Учитывая, насколько важное положение к тому моменту Алекс занял в нашей жизни, может показаться странным, что он полностью устранился из событий августа 1941-го. Но он не мог принимать в них участие, поскольку речь шла о человеке, которого он почти не знал и при этом ненавидел. Представляю, как старательно он соблюдал дистанцию, поощряя маму найти посредника, который выполнил бы за нее всю грязную работу. С того момента наши судьбы сплелись навсегда и главным делом его жизни стало защищать маму от всех невзгод, беречь от столкновения с реальностью и удовлетворять ее прихоти. С того дня все неприятные обязанности, связанные со мной, полностью легли на Алекса – он ухаживал за мной во время болезни, ругал меня за дурные оценки, критиковал неподходящих кавалеров или запрещал пользоваться помадой. Татьяна была его идолом, принцессой в башне из слоновой кости, которую следовало любой ценой ограждать от всех забот и неприятностей, и эта стратегия, в которой я с готовностью участвовала, определяла нашу семейную жизнь следующие полвека.

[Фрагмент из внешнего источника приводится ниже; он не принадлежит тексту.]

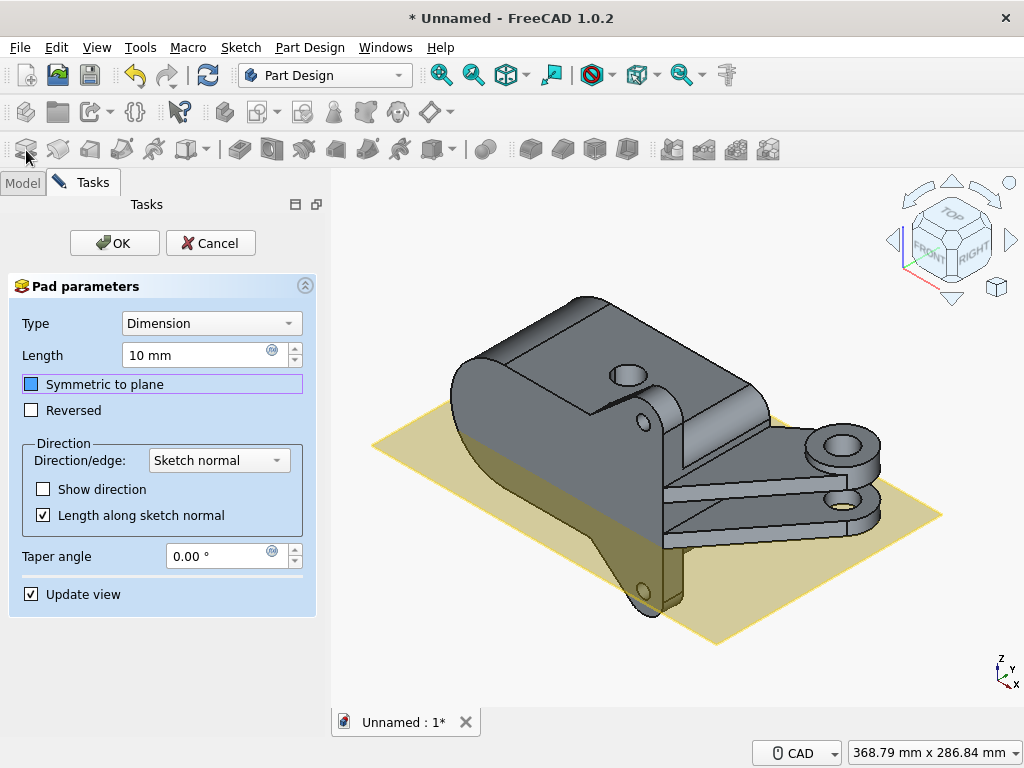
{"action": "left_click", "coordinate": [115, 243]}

Но следует также изложить, как происходящее видел Алекс. Ему пришлось вспомнить события того августа, когда одна из его биографов, Доди Казанджян, пересказала ему свой разговор с Гиттой Серени. Услышав версию Гитты, Алекс яростно отрицал, что Гитте поручили сообщить мне правду о моем отце. По его словам, Татьяна собиралась сама мне всё рассказать – в свое время. (Остается только гадать, сколько лет она позволила бы мне пребывать в неведении.) Они с Алексом якобы были “удивлены и рассержены”, узнав, что Гитта сама со мной поговорила.

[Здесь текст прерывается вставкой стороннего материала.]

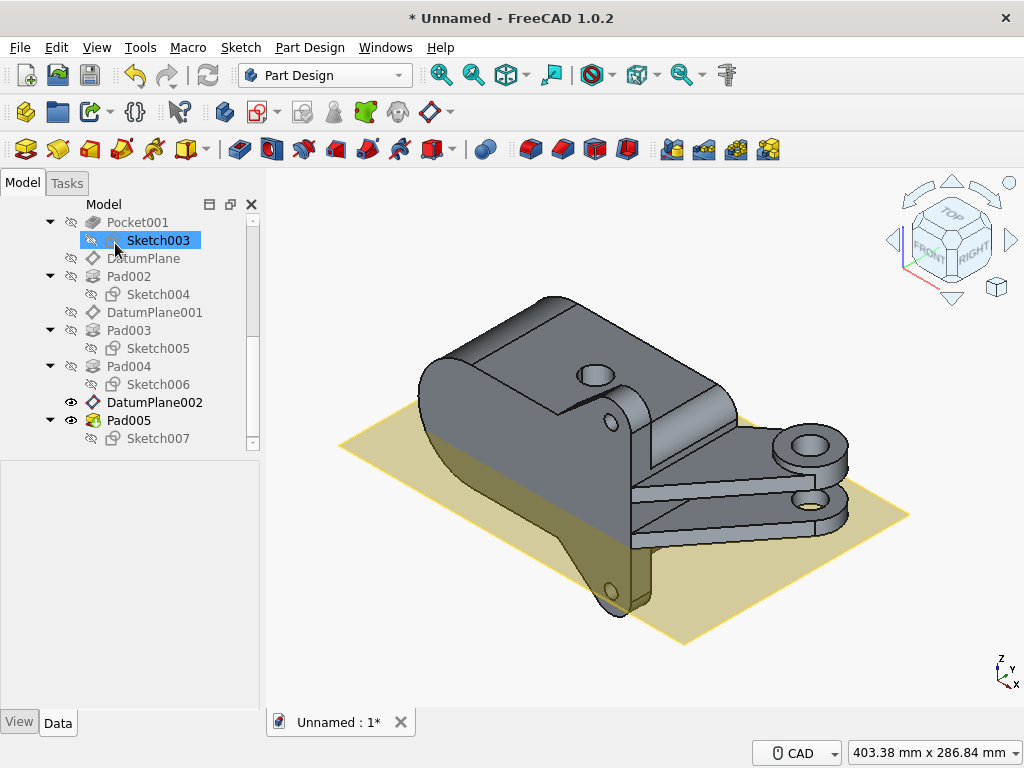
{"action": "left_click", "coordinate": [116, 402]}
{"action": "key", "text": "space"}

К сожалению, потребность постоянно соответствовать маме с Алексом и страх потерять их любовь заставили меня на много лет слепо уверовать в их версию произошедшего. Я винила Гитту за неуместное вмешательство в семейные дела и крайне несправедливо обошлась с ней, когда первый раз излагала эту историю. Только недавно я стала понимать, что должна благодарить ее за то, что она сообщила мне правду. Без помощи Гитты я могла бы вырасти куда более травмированным человеком.